Lord of Chaos
The trouble could be summed up by that name. Three thousand years ago, near enough, there had been a city called Al’cair’rahienallen, built by Ogier. Today it was Cairhien, and the grove the Ogier builders planted to remind them of their stedding was part of an estate that had belonged to the same Barthanes whose palace now housed Rand’s school. Nobody but Ogier and maybe some Aes Sedai remembered Al’cair’rahienallen. Not even Cairhienin.
Whatever Haman believed, much could change in three thousand years. Great Ogier-built cities had ceased to exist, some leaving not so much as a name behind. Great cities had risen that the Ogier had had no hand in. Amador, begun after the Trolloc Wars, was one, so Moiraine had told him, and Chachin in Kandor, and Shol Arbela in Arafel, and Fal Moran in Shienar. In Arad Doman, Bandar Eban had been built on the ruins of a city destroyed in the War of the Hundred Years, a city Moiraine knew three names for, each suspect, and itself built on the ruins of a nameless city that had vanished in the Trolloc Wars. Rand knew of a Waygate in Shienar, in the countryside near a moderate town that had kept part of the name of the huge city leveled by Trollocs, and another inside the Blight, in Shadow-murdered Malkier. Other places there had simply been change, or growth, as Haman himself had pointed out. The Waygate here in Caemlyn sat in a basement now. A well-guarded basement. Rand knew there was a Waygate in Tear, out in the great pastureland where the High Lords ran their famous horse herds. There should be one somewhere in the Mountains of Mist, where Manetheren had once stood, wherever that was. As far as stedding went, he knew where to find Stedding Tsofu. Moiraine had not considered stedding or Ogier a vital part of his education.

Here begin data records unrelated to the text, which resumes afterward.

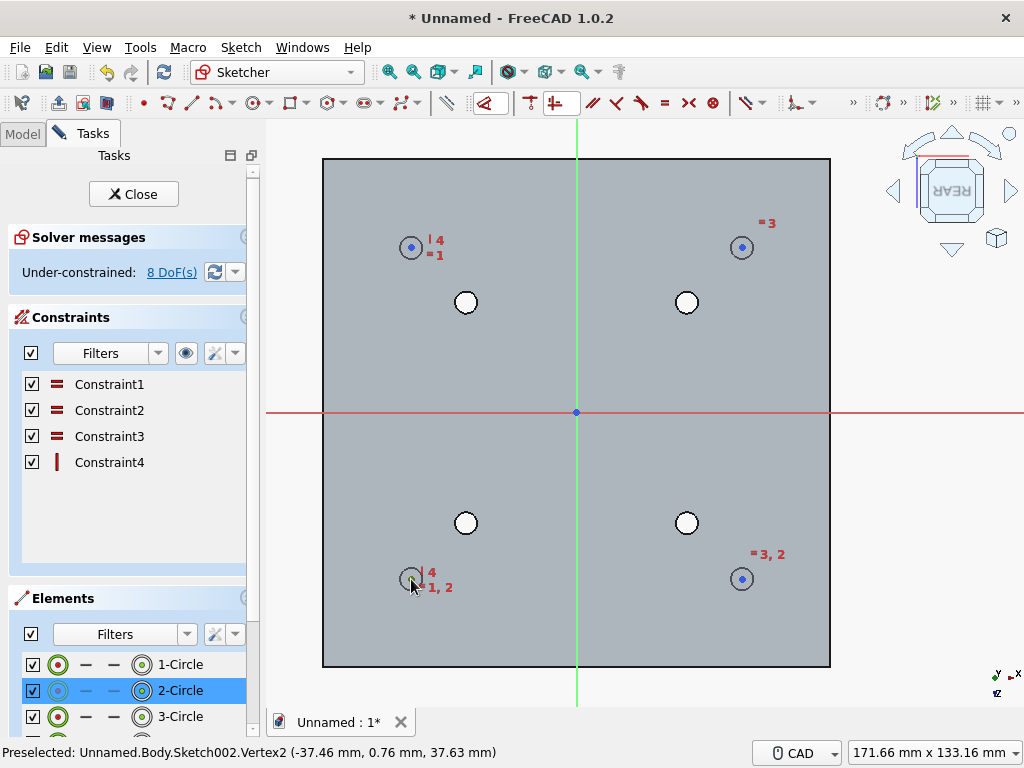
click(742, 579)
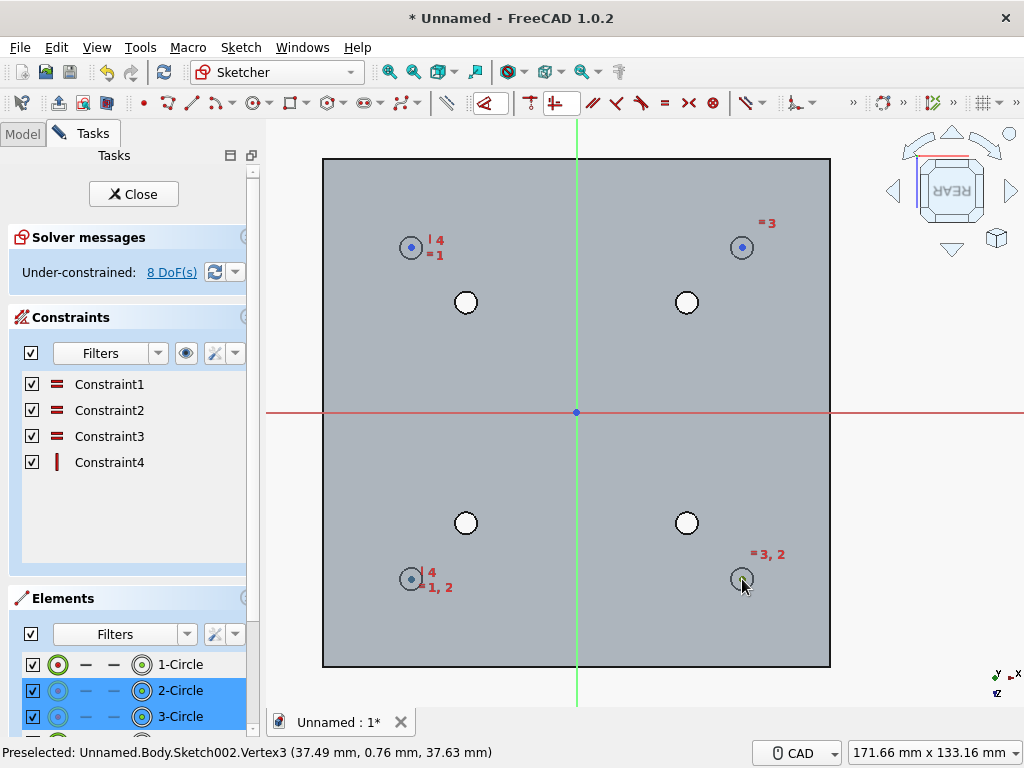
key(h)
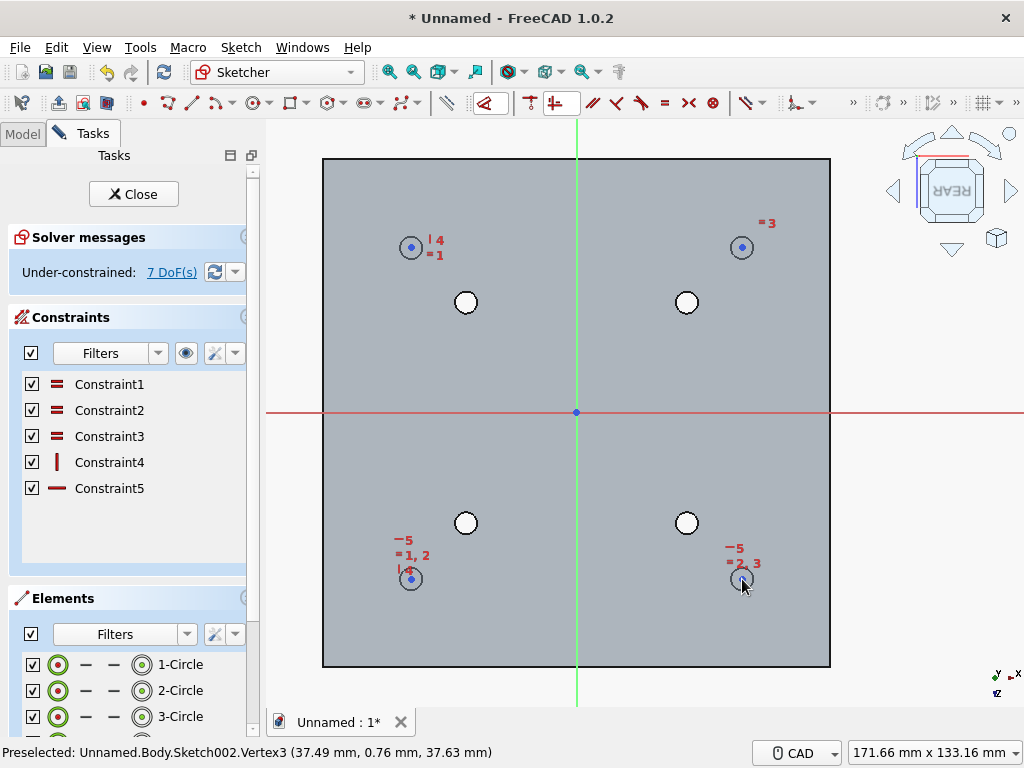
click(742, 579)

“You don’t know where the stedding are?” Haman said incredulously when Rand finished explaining. “Is this Aiel humor? I have never understood Aiel humor.”
“For Ogier,” Rand said gently, “it has been a long time since the Ways were made. For humans, it has been a very long time.”
“But you do not even remember Mafal Dadaranell, or Ancohima, or Londaren Cor, or . . .?”
Covril put a hand on Haman’s shoulder, but the pity in her eyes was directed at Rand. “He does not remember,” she said softly. “Their memories are gone.” She made it sound the greatest loss imaginable. Erith, hands clasped to her mouth, appeared ready to cry.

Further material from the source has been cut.